If you’re up on the latest trends, you’ve probably heard about something called a “data fabric.” But for most people, this probably sounds about as esoteric as ‘the internet’ sounded in the early 1990s. A data fabric can be thought of as an integrated virtual layer that connects all of an organization’s data and the processes and software associated with it. A data fabric overlays analytics on metadata assets to enable greater use of data across all divisions, departments, and data repositories, regardless of how siloed they might be. On an ongoing basis, a data fabric leverages machine learning and artificial intelligence to connect data from an organization’s various data sources to uncover and identify relevant relationships. A data fabric’s features and functionality not only serve the needs of a business, but can help it take giant leaps forward in terms of the value it derives from its data.

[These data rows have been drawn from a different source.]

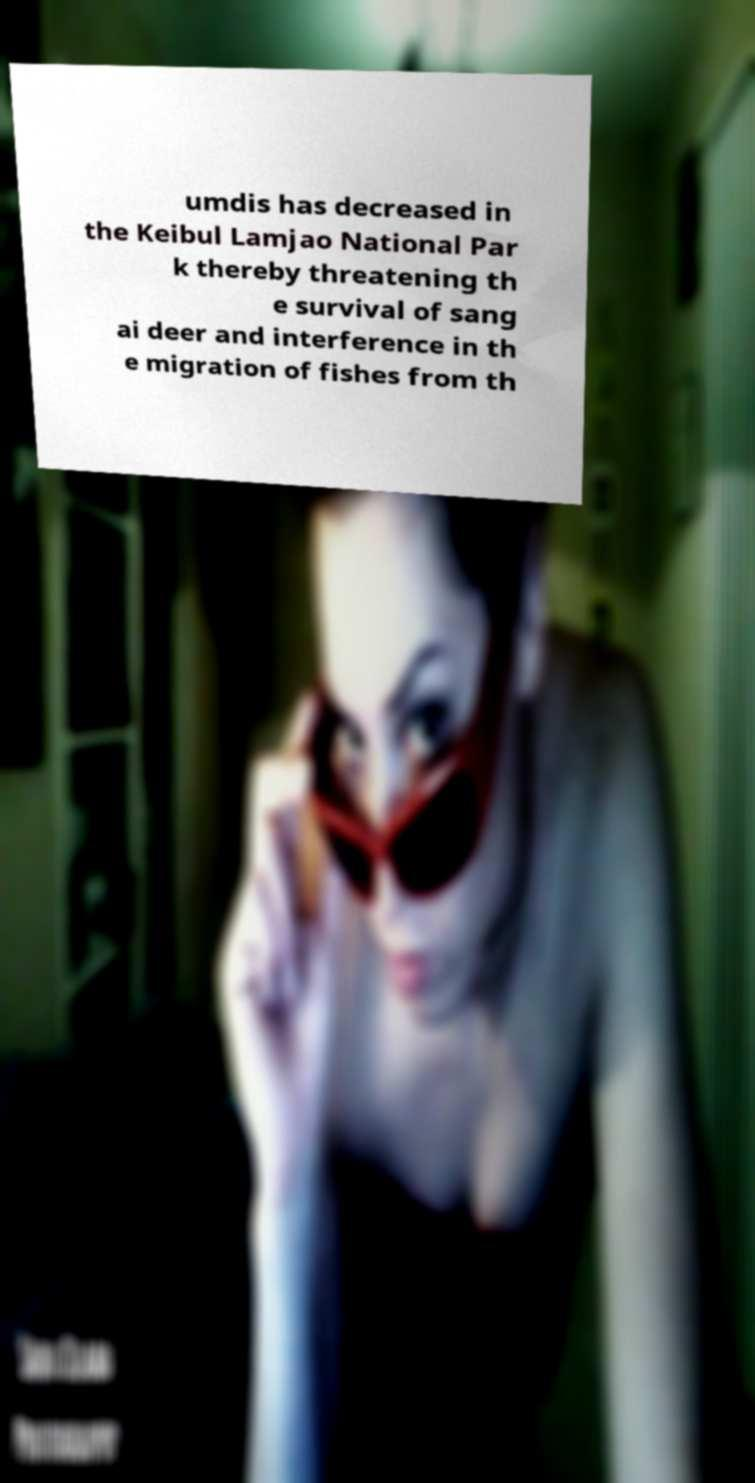Please read and relay the text visible in this image. What does it say? umdis has decreased in the Keibul Lamjao National Par k thereby threatening th e survival of sang ai deer and interference in th e migration of fishes from th 
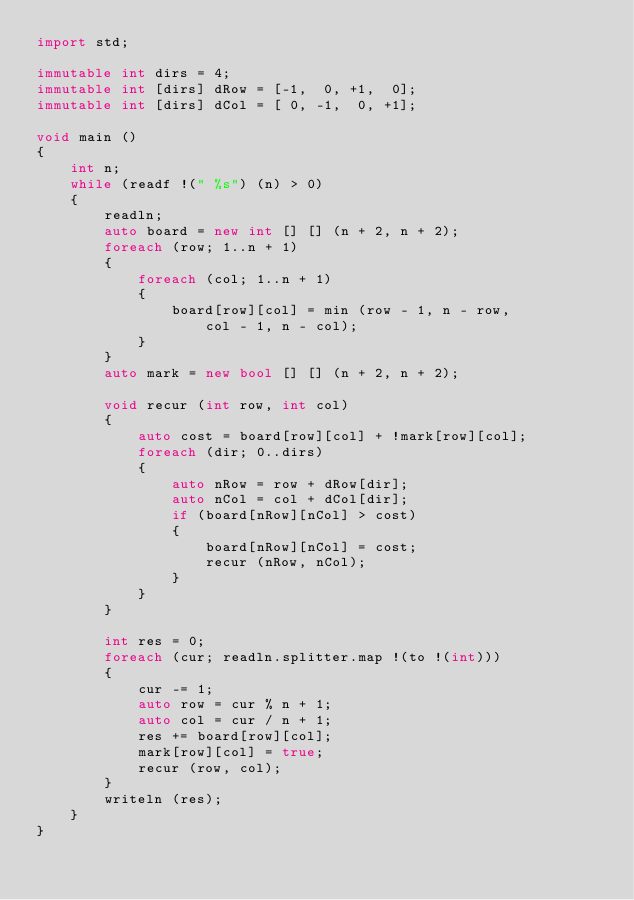Convert code to text. <code><loc_0><loc_0><loc_500><loc_500><_D_>import std;

immutable int dirs = 4;
immutable int [dirs] dRow = [-1,  0, +1,  0];
immutable int [dirs] dCol = [ 0, -1,  0, +1];

void main ()
{
	int n;
	while (readf !(" %s") (n) > 0)
	{
		readln;
		auto board = new int [] [] (n + 2, n + 2);
		foreach (row; 1..n + 1)
		{
			foreach (col; 1..n + 1)
			{
				board[row][col] = min (row - 1, n - row,
				    col - 1, n - col);
			}
		}
		auto mark = new bool [] [] (n + 2, n + 2);

		void recur (int row, int col)
		{
			auto cost = board[row][col] + !mark[row][col];
			foreach (dir; 0..dirs)
			{
				auto nRow = row + dRow[dir];
				auto nCol = col + dCol[dir];
				if (board[nRow][nCol] > cost)
				{
					board[nRow][nCol] = cost;
					recur (nRow, nCol);
				}
			}
		}

		int res = 0;
		foreach (cur; readln.splitter.map !(to !(int)))
		{
			cur -= 1;
			auto row = cur % n + 1;
			auto col = cur / n + 1;
			res += board[row][col];
			mark[row][col] = true;
			recur (row, col);
		}
		writeln (res);
	}
}
</code> 
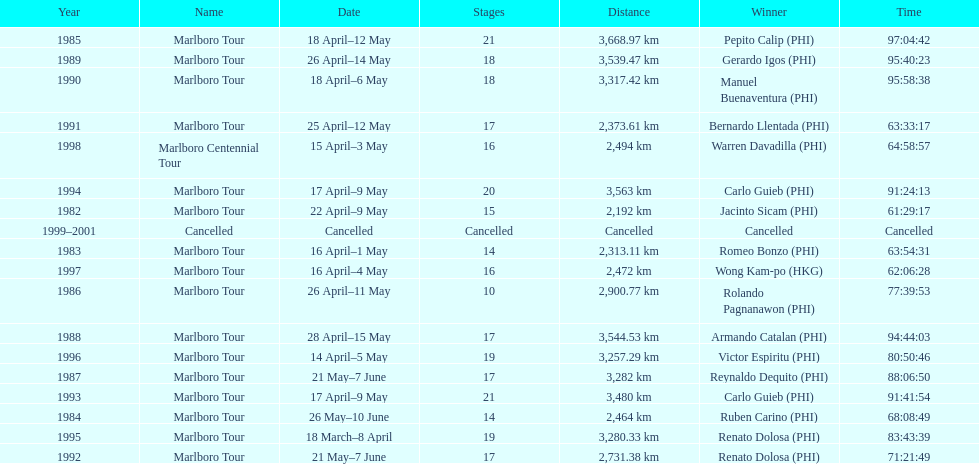Who was the only winner to have their time below 61:45:00? Jacinto Sicam. 
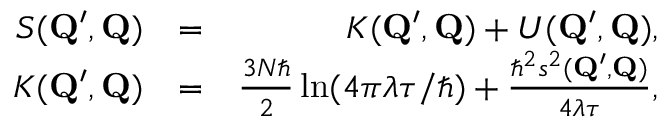<formula> <loc_0><loc_0><loc_500><loc_500>\begin{array} { r l r } { S ( Q ^ { \prime } , Q ) } & { = } & { K ( Q ^ { \prime } , Q ) + U ( Q ^ { \prime } , Q ) , } \\ { K ( Q ^ { \prime } , Q ) } & { = } & { \frac { 3 N } { 2 } \ln ( 4 \pi \lambda \tau / \hbar { ) } + \frac { \hbar { ^ } { 2 } s ^ { 2 } ( Q ^ { \prime } , Q ) } { 4 \lambda \tau } , } \end{array}</formula> 
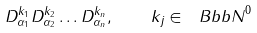Convert formula to latex. <formula><loc_0><loc_0><loc_500><loc_500>D _ { \alpha _ { 1 } } ^ { k _ { 1 } } D _ { \alpha _ { 2 } } ^ { k _ { 2 } } \dots D _ { \alpha _ { n } } ^ { k _ { n } } , \quad k _ { j } \in { \ B b b N } ^ { 0 }</formula> 
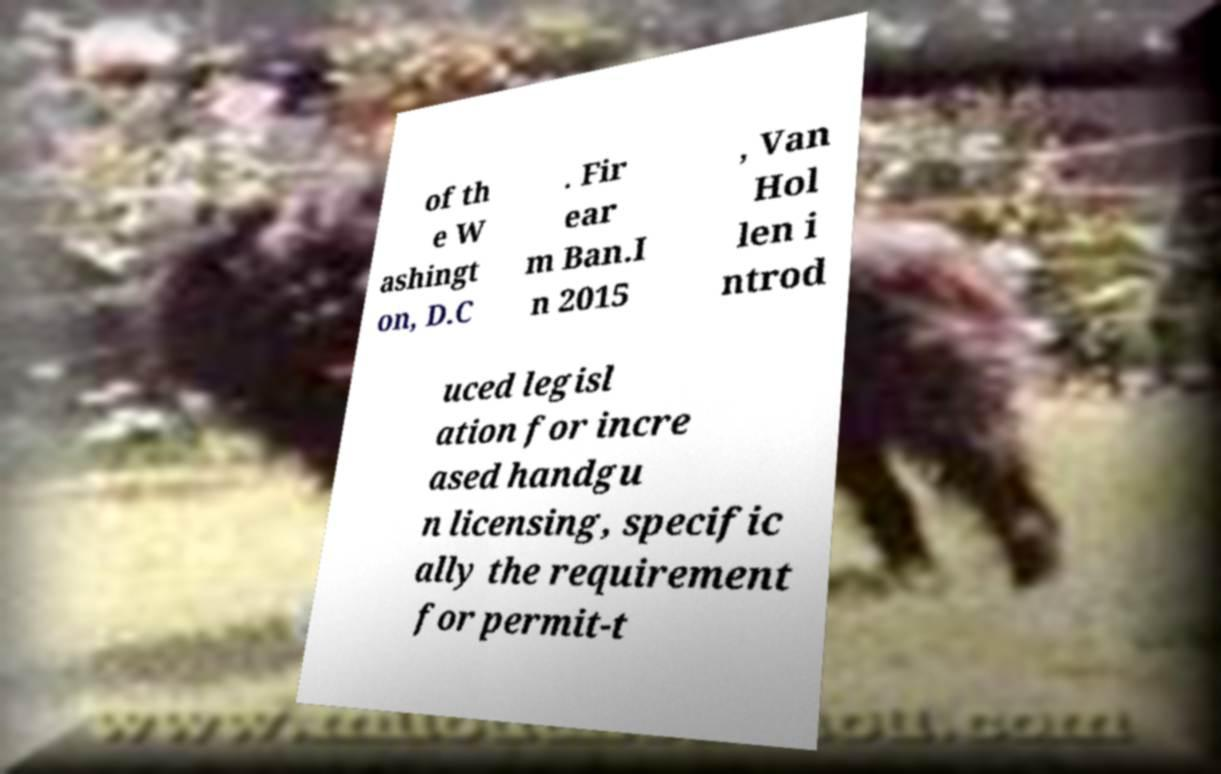What messages or text are displayed in this image? I need them in a readable, typed format. of th e W ashingt on, D.C . Fir ear m Ban.I n 2015 , Van Hol len i ntrod uced legisl ation for incre ased handgu n licensing, specific ally the requirement for permit-t 
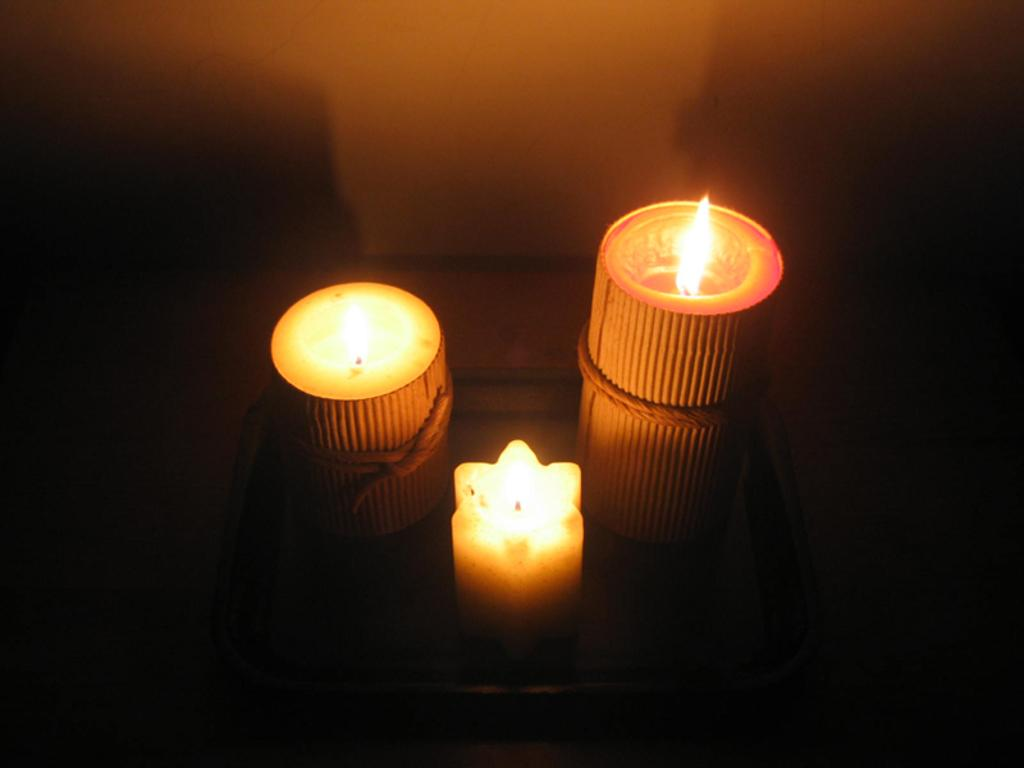How many candles are visible in the image? There are three candles in the image. What is located at the top of the image? There is a wall at the top of the image. What type of spark can be seen coming from the candles in the image? There is no spark visible coming from the candles in the image. What cable is connected to the candles in the image? There is no cable connected to the candles in the image.

If this definition still sounds as esoteric as “world wide web” did to the 1993 mind, read on.
What is a data fabric?
How a Data Fabric Makes Sense of Big Data
The research and advisory firm, Gartner, has taken the lead in fleshing out the concept. Gartner points out that to gain a comprehensive view of an organization’s data, the data fabric should be able to monitor and integrate all of the key methods for data delivery, such as streaming, ETL (extract, transform, load), replication, messaging, virtualization, or microservices. But merely integrating these data delivery methods guarantees nothing more than a mess of data sources, unless you have some ability to overlay it with structure and meaning.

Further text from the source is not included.